─── INFORMATION

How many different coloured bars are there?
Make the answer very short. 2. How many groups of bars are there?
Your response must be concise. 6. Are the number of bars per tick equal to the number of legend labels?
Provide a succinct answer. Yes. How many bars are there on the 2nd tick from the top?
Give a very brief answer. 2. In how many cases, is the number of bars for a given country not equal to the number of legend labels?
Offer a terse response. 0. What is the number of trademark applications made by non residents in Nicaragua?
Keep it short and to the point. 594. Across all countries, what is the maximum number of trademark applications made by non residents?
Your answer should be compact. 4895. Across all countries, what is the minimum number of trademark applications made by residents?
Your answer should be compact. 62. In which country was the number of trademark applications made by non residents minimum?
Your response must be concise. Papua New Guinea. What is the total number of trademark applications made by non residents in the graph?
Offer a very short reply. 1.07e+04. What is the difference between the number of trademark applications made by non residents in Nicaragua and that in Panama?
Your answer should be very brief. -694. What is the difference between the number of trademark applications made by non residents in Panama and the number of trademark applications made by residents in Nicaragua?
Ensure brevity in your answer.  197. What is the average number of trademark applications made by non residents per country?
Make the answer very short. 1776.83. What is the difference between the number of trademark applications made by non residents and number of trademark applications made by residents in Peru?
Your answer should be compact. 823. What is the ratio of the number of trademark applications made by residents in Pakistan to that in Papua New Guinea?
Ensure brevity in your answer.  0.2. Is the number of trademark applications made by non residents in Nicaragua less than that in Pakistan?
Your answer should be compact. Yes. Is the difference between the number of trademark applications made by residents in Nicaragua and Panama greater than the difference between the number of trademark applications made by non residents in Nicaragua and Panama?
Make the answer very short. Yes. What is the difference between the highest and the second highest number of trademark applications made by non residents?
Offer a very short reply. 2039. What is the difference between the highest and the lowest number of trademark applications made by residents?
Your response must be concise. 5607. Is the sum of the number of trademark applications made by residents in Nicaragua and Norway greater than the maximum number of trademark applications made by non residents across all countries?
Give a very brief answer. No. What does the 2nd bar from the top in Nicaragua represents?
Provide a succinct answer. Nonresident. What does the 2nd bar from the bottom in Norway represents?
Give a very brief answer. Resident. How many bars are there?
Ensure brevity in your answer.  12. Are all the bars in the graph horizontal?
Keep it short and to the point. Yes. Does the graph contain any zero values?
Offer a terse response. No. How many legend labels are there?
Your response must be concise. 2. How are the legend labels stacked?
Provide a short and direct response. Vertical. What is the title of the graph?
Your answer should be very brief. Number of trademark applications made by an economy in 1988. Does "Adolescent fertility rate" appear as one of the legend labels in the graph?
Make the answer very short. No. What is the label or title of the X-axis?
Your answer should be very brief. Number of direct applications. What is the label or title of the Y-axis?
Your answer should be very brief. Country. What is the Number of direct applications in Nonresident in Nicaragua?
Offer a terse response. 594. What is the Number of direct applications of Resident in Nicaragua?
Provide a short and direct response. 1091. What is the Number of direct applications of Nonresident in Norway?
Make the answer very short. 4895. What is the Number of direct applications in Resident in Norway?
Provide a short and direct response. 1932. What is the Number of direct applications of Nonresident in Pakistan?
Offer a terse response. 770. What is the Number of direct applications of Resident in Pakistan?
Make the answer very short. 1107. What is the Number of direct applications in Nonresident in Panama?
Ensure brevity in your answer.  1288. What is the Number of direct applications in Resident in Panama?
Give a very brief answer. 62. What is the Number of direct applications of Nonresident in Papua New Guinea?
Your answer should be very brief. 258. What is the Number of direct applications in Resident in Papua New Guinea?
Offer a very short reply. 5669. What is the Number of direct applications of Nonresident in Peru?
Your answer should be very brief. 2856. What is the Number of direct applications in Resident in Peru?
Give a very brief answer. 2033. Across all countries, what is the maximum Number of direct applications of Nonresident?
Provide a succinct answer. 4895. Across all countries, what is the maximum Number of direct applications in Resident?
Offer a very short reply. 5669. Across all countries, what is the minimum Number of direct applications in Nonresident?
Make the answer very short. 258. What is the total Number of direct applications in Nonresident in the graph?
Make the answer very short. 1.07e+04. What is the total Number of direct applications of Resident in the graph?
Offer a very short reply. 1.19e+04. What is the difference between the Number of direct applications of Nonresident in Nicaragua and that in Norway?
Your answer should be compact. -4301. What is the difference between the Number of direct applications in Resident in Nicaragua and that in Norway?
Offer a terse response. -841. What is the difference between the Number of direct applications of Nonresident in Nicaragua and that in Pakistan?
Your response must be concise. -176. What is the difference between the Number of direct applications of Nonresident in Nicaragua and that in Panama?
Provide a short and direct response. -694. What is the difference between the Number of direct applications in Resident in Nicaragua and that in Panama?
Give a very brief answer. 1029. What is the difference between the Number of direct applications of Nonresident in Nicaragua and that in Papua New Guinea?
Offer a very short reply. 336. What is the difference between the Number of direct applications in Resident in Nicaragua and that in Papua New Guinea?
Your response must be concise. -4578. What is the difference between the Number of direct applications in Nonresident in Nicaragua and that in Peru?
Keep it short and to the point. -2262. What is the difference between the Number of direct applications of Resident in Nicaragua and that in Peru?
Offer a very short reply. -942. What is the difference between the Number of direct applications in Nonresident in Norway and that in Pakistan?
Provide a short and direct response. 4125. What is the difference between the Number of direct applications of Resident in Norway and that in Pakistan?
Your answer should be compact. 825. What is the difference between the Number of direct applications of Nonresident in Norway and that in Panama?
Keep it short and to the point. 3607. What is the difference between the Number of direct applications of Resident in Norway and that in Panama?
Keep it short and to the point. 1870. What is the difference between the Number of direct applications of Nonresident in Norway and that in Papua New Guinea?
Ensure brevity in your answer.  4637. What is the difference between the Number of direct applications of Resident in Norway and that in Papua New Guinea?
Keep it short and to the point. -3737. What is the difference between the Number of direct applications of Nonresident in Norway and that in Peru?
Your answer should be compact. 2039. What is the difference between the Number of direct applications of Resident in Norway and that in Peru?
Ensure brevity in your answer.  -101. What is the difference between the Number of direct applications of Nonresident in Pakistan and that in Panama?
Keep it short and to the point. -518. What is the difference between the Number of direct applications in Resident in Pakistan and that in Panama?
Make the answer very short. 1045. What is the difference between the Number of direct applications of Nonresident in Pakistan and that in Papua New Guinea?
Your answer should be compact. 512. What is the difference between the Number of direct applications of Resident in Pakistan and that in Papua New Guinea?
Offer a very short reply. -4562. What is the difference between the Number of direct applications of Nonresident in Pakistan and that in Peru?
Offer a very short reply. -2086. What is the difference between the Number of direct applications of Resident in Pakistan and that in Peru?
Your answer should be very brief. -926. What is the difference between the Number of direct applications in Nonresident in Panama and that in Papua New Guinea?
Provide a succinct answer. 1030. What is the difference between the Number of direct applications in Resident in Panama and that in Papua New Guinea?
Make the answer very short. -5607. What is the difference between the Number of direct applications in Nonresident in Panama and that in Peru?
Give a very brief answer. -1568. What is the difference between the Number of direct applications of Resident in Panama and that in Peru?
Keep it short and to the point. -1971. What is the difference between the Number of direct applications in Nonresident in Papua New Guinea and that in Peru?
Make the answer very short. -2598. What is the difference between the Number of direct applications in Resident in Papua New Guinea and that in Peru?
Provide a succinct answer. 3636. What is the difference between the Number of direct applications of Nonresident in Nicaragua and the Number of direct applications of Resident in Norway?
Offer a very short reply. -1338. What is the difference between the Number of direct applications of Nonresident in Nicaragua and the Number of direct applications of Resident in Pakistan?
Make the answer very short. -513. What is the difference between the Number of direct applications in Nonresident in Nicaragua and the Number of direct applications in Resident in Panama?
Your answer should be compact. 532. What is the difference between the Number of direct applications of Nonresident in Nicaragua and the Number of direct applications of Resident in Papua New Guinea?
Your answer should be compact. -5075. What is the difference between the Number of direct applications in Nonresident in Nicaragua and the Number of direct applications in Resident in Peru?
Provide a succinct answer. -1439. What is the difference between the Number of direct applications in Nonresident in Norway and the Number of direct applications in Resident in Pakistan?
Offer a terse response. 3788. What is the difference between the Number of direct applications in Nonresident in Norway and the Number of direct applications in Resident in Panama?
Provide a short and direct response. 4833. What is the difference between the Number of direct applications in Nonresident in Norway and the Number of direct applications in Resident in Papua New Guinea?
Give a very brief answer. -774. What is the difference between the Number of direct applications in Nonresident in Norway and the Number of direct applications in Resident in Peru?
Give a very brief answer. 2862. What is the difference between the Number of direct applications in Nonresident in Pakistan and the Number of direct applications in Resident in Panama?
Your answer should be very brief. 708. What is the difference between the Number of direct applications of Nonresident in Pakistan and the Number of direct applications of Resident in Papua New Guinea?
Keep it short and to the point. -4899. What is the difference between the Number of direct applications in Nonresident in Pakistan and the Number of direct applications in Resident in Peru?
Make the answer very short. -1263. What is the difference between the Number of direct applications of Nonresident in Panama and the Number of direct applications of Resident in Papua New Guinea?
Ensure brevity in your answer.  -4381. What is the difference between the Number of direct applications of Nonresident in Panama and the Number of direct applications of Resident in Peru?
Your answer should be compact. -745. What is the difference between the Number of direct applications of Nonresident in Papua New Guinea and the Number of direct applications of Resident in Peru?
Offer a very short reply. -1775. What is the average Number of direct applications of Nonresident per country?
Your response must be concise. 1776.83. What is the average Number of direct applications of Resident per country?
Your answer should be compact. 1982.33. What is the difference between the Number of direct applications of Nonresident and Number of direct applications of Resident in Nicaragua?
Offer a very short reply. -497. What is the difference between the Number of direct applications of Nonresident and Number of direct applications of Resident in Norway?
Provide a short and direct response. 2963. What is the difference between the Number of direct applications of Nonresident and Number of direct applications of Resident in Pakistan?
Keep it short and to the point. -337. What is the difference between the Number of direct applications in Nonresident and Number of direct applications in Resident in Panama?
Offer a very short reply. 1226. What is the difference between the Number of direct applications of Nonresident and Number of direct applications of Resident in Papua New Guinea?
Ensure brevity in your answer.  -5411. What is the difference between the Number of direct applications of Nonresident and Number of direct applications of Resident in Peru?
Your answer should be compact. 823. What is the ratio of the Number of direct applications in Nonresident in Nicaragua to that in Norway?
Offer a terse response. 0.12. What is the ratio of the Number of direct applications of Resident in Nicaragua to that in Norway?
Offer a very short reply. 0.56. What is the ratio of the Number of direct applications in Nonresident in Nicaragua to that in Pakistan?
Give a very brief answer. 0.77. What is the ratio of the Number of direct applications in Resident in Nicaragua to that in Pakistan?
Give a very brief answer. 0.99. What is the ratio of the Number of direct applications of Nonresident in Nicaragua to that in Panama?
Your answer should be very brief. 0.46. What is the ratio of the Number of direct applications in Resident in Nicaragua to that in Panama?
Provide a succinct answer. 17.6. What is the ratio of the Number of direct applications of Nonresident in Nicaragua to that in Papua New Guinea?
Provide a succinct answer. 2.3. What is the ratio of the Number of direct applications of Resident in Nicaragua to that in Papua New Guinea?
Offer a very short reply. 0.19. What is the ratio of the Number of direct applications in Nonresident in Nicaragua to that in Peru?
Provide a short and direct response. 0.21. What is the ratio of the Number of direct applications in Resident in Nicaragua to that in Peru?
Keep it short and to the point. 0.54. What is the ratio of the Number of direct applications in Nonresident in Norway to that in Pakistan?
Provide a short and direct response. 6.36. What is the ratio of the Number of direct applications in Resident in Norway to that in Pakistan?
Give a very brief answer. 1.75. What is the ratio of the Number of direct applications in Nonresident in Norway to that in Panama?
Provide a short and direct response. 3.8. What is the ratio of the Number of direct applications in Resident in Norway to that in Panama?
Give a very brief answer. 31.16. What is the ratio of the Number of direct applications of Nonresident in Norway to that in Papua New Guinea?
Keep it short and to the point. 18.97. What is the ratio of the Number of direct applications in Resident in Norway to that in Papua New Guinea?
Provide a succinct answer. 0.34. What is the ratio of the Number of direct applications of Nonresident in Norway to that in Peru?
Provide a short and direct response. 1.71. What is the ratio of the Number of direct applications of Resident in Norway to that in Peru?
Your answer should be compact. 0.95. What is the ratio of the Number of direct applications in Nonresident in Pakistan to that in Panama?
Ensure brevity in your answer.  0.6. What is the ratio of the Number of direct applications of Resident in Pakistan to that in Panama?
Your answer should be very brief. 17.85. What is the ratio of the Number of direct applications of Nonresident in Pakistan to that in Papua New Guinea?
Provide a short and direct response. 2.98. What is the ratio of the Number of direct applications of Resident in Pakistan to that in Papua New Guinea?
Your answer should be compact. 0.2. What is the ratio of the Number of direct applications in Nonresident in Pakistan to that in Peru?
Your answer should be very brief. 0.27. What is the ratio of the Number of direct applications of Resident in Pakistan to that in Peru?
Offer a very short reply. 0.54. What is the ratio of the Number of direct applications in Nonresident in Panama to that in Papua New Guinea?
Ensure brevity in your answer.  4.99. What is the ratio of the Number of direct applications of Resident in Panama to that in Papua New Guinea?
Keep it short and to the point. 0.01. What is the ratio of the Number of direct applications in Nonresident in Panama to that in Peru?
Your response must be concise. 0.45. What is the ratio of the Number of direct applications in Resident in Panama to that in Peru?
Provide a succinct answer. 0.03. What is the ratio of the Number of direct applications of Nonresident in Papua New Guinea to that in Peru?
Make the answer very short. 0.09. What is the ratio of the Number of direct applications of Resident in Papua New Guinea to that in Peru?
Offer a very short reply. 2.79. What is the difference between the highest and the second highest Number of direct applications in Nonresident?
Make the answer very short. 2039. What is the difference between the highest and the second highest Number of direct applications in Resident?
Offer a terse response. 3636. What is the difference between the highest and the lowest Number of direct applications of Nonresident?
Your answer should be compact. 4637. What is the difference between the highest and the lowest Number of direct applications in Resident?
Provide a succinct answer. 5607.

──────

## WHAT IS BEING ASKED:
From the records above, retype only the lines starting at the line that contains "Give a very brief answer. -1568." and ending at the line that contains "Make the answer very short. -513.", both included.

## REPLY TO THE EXERCISE:
Give a very brief answer. -1568. What is the difference between the Number of direct applications of Resident in Panama and that in Peru?
Keep it short and to the point. -1971. What is the difference between the Number of direct applications in Nonresident in Papua New Guinea and that in Peru?
Make the answer very short. -2598. What is the difference between the Number of direct applications in Resident in Papua New Guinea and that in Peru?
Provide a succinct answer. 3636. What is the difference between the Number of direct applications of Nonresident in Nicaragua and the Number of direct applications of Resident in Norway?
Offer a very short reply. -1338. What is the difference between the Number of direct applications of Nonresident in Nicaragua and the Number of direct applications of Resident in Pakistan?
Make the answer very short. -513. What is the difference between the Number of direct applications in Nonresident in Nicaragua and the Number of direct applications in Resident in Panama?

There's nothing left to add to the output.